╭─ EXERCISE DATA
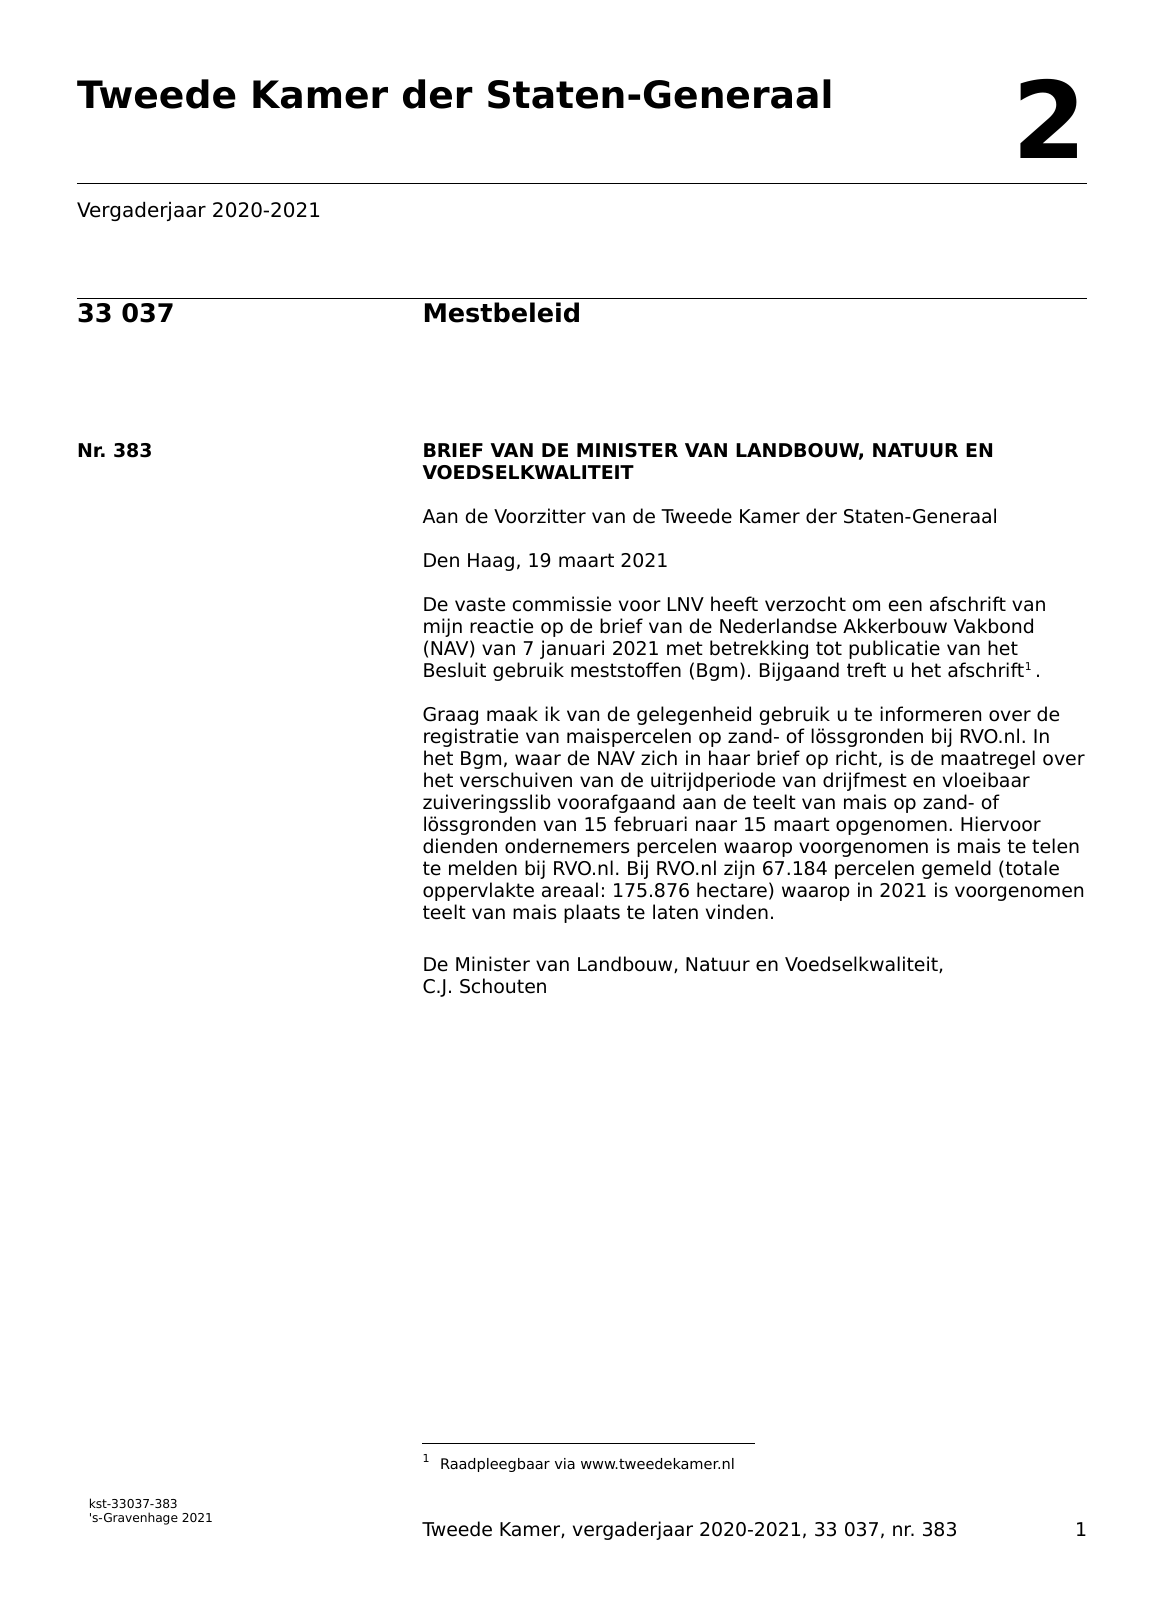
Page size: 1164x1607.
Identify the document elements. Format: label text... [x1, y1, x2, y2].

subtitle Nr. 383 BRIEF VAN DE MINISTER VAN LANDBOUW, NATUUR EN VOEDSELKWALITEIT [77, 440, 1087, 484]
text Graag maak ik van de gelegenheid gebruik u te informeren over de registratie van maispercelen op zand- of lössgronden bij RVO.nl. In het Bgm, waar de NAV zich in haar brief op richt, is de maatregel over het verschuiven van de uitrijdperiode van drijfmest en vloeibaar zuiveringsslib voorafgaand aan de teelt van mais op zand- of lössgronden van 15 februari naar 15 maart opgenomen. Hiervoor dienden ondernemers percelen waarop voorgenomen is mais te telen te melden bij RVO.nl. Bij RVO.nl zijn 67.184 percelen gemeld (totale oppervlakte areaal: 175.876 hectare) waarop in 2021 is voorgenomen teelt van mais plaats te laten vinden. [422, 704, 1087, 924]
text De vaste commissie voor LNV heeft verzocht om een afschrift van mijn reactie op de brief van de Nederlandse Akkerbouw Vakbond (NAV) van 7 januari 2021 met betrekking tot publicatie van het Besluit gebruik meststoffen (Bgm). Bijgaand treft u het afschrift. [422, 594, 1087, 682]
subtitle 33 037 Mestbeleid [77, 299, 1087, 329]
text Raadpleegbaar via www.tweedekamer.nl [422, 1452, 1087, 1474]
text kst-33037-383 [88, 1497, 323, 1511]
table_header Tweede Kamer der Staten-Generaal [77, 59, 886, 183]
text 's-Gravenhage 2021 [88, 1511, 323, 1525]
text Aan de Voorzitter van de Tweede Kamer der Staten-Generaal [422, 506, 1087, 528]
text De Minister van Landbouw, Natuur en Voedselkwaliteit, C.J. Schouten [422, 954, 1087, 998]
text Den Haag, 19 maart 2021 [422, 550, 1087, 572]
table_cell Vergaderjaar 2020-2021 [77, 184, 1087, 298]
table_header 2 [886, 59, 1087, 183]
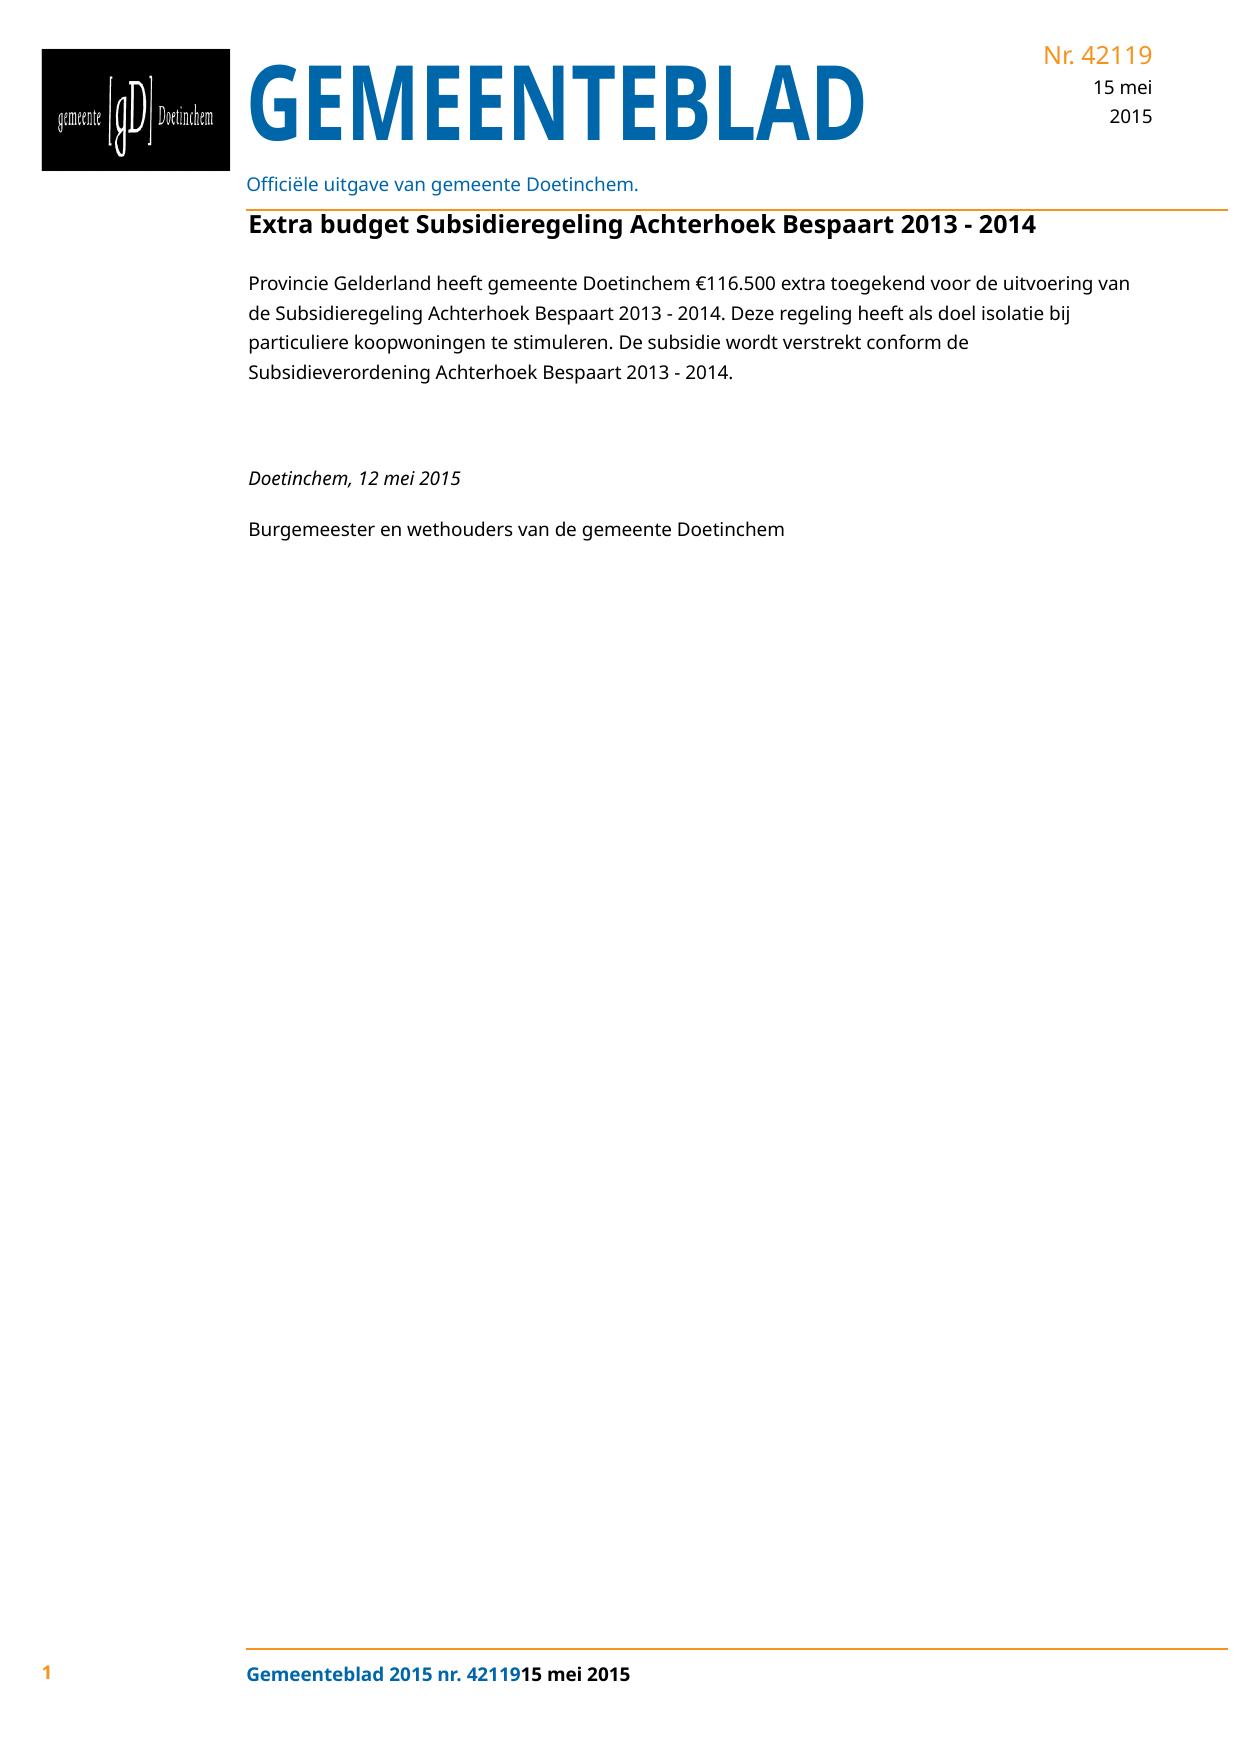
╰─
> [ASSIGNED TASK]: For this exercise, copy each line of the data above exactly, from the first through the line containing "subtitle Nr. 383", and drop the pictures.

> [EXERCISE OUTPUT]:
Page size: 1164x1607.
Identify the document elements. Format: label text... [x1, y1, x2, y2].

subtitle Nr. 383 BRIEF VAN DE MINISTER VAN LANDBOUW, NATUUR EN VOEDSELKWALITEIT [77, 440, 1087, 484]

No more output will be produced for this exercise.